IGF-I stimulation induces endogenous MYCN expression in neuroblastoma cells via MAPK activation (17). Therefore, it is possible that EGF can induce MYCN, because EGF treatment also activates MAPK. To investigate this hypothesis, we treated SK-N-BE cells cultured in serum-free medium with increasing amounts of EGF. Consistent with our hypothesis, both mRNA and protein levels of MYCN were induced upon EGF treatment (Fig. 3A). Time course experiments were also used to confirm that EGF can induce MYCN. MYCN was found to be induced at 6 hours after EGF treatment (Fig. 3B). Under our experimental conditions, EGF treatment successfully phosphorylated EGFR (Supplementary Fig. S1) and ERK (data not shown). We also observed that EGF stimulation induced MYCN expression in other neuroblastoma cell lines, SH-SY5Y and NLF (data not shown). To verify our experimental data that EGF induces MYCN, we used VEGF as positive control, which was reported to be induced by EGF (28). AG1478 is a specific inhibitor for EGFR, and is sufficient to block EGFR-mediated activation of ERK (29, 30). We have confirmed the effect of the optimum concentration of AG1478 to inhibit EGF-mediated phosphorylation of EGFR in the cells (Supplementary Fig. S1). Therefore, we used the optimum concentrations of AG1478 to elucidate that EGF-mediated MYCN induction is dependent on EGFR-ERK signaling. Consistently, MYCN induction by EGF was successfully blocked in AG1478-pretreated SK-N-BE cells (Fig. 3C left). We also used U0126 to prove that EGF-mediated MYCN induction is dependent on ERK (Fig. 3C, right panel). These data collectively suggest that EGF-mediated MYCN induction is dependent on the EGFR–ERK pathway in neuroblastoma cells.

Figure 3.

EGF stimulation induces endogenous MYCN. A, serum-starved SK-N-BE cells were treated with increasing doses of EGF for 12 hours. Total mRNA was used in reverse transcription (RT)-PCR to check the expression of MYCN and VEGF (top). GAPDH was checked as an internal control. Whole cell lysates were used in immunoblotting to detect the proteins (bottom). B, MYCN was induced by EGF in a time-dependent manner.
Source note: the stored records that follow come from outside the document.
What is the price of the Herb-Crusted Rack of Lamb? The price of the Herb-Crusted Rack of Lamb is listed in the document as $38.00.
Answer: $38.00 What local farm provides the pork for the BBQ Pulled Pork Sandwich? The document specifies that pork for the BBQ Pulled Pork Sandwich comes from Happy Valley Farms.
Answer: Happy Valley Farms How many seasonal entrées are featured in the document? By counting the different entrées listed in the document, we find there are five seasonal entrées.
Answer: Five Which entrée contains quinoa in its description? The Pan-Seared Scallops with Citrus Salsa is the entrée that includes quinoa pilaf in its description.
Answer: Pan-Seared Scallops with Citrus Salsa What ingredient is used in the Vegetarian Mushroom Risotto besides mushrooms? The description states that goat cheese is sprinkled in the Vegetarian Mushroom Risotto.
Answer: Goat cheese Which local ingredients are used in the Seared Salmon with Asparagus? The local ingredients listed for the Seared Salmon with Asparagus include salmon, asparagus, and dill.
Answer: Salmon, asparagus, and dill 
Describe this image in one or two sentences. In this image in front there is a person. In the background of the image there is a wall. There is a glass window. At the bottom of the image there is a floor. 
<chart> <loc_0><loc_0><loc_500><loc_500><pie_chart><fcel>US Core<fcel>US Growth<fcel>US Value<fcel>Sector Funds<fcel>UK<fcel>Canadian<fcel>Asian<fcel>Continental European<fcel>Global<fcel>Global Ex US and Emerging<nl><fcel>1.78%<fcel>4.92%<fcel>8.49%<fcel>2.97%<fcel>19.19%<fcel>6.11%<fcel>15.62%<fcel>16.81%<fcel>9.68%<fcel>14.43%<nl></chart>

Serum-starved SK-N-BE cells were treated with 50 ng/mL of EGF. Total RNA and whole cell lysates were collected at the indicated time points for RT-PCR (top) and Western blotting (bottom) assays to check the expression level of MYCN. C, SK-N-BE cells were cultured in serum-free medium for 12 hours with or without different concentrations of AG1478 (left) and U0126 (right). Cells were then treated with EGF (50 ng/mL) for 12 hours, and whole cell lysates were used to check MYCN protein levels by immunoblotting. Actin was checked as an internal control.

Figure 3.

EGF stimulation induces endogenous MYCN. A, serum-starved SK-N-BE cells were treated with increasing doses of EGF for 12 hours. Total mRNA was used in reverse transcription (RT)-PCR to check the expression of MYCN and VEGF (top). GAPDH was checked as an internal control. Whole cell lysates were used in immunoblotting to detect the proteins (bottom). B, MYCN was induced by EGF in a time-dependent manner. Serum-starved SK-N-BE cells were treated with 50 ng/mL of EGF. Total RNA and whole cell lysates were collected at the indicated time points for RT-PCR (top) and Western blotting (bottom) assays to check the expression level of MYCN. C, SK-N-BE cells were cultured in serum-free medium for 12 hours with or without different concentrations of AG1478 (left) and U0126 (right). Cells were then treated with EGF (50 ng/mL) for 12 hours, and whole cell lysates were used to check MYCN protein levels by immunoblotting. Actin was checked as an internal control.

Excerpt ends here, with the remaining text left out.